Understanding Return On Capital Employed (ROCE)

For those that aren't sure what ROCE is, it measures the amount of pre-tax profits a company can generate from the capital employed in its business. The formula for this calculation on Suzhou SONAVOX ElectronicsLtd is:

Return on Capital Employed = Earnings Before Interest and Tax (EBIT) ÷ (Total Assets - Current Liabilities)

0.11 = CN¥219m ÷ (CN¥2.9b - CN¥938m) (Based on the trailing twelve months to March 2024).

Thus, Suzhou SONAVOX ElectronicsLtd has an ROCE of 11%. On its own, that's a standard return, however it's much better than the 8.4% generated by the Consumer Durables industry.
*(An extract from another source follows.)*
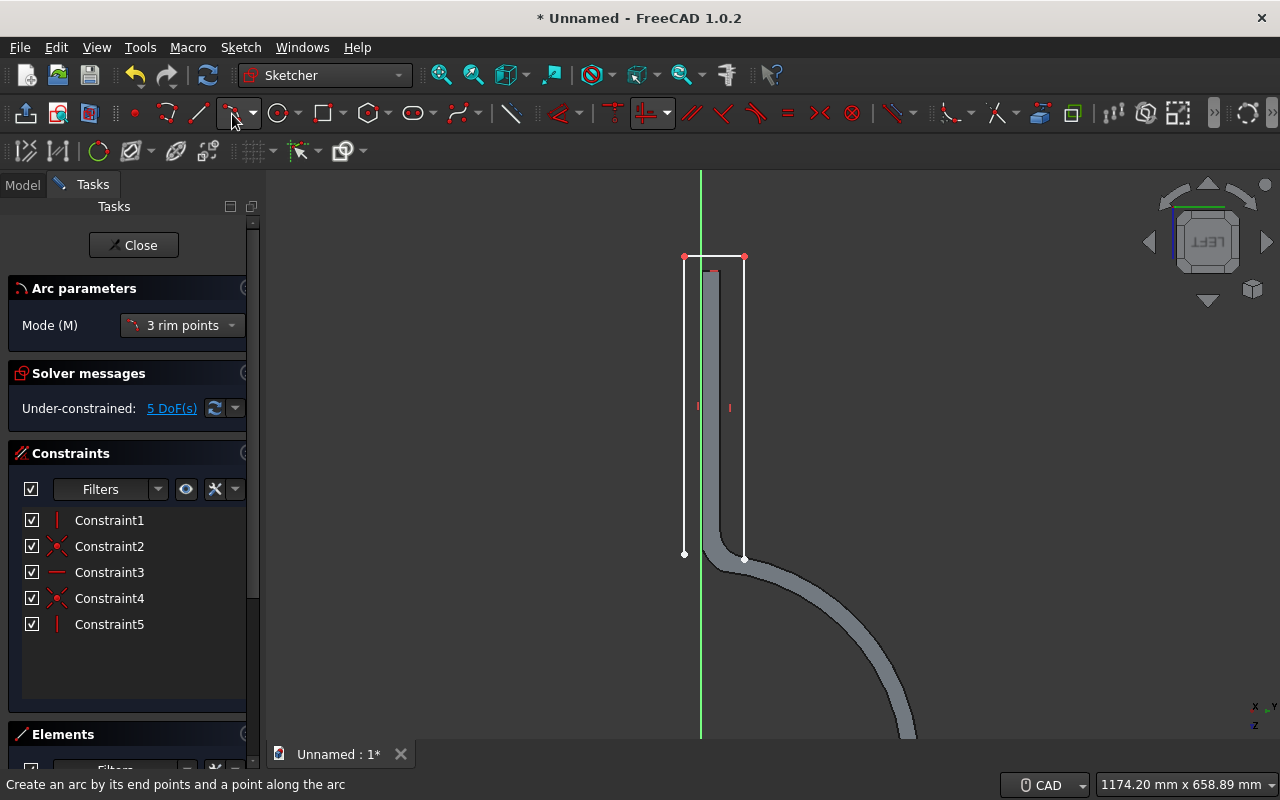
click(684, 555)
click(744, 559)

Check out our latest analysis for Suzhou SONAVOX ElectronicsLtd

roce
SHSE:688533 Return on Capital Employed June 7th 2024

Above you can see how the current ROCE for Suzhou SONAVOX ElectronicsLtd compares to its prior returns on capital, but there's only so much you can tell from the past. If you're interested, you can view the analysts predictions in our free analyst report for Suzhou SONAVOX ElectronicsLtd .

The Trend Of ROCE

On the surface, the trend of ROCE at Suzhou SONAVOX ElectronicsLtd doesn't inspire confidence. To be more specific, ROCE has fallen from 20% over the last five years. However, given capital employed and revenue have both increased it appears that the business is currently pursuing growth, at the consequence of short term returns. If these investments prove successful, this can bode very well for long term stock performance.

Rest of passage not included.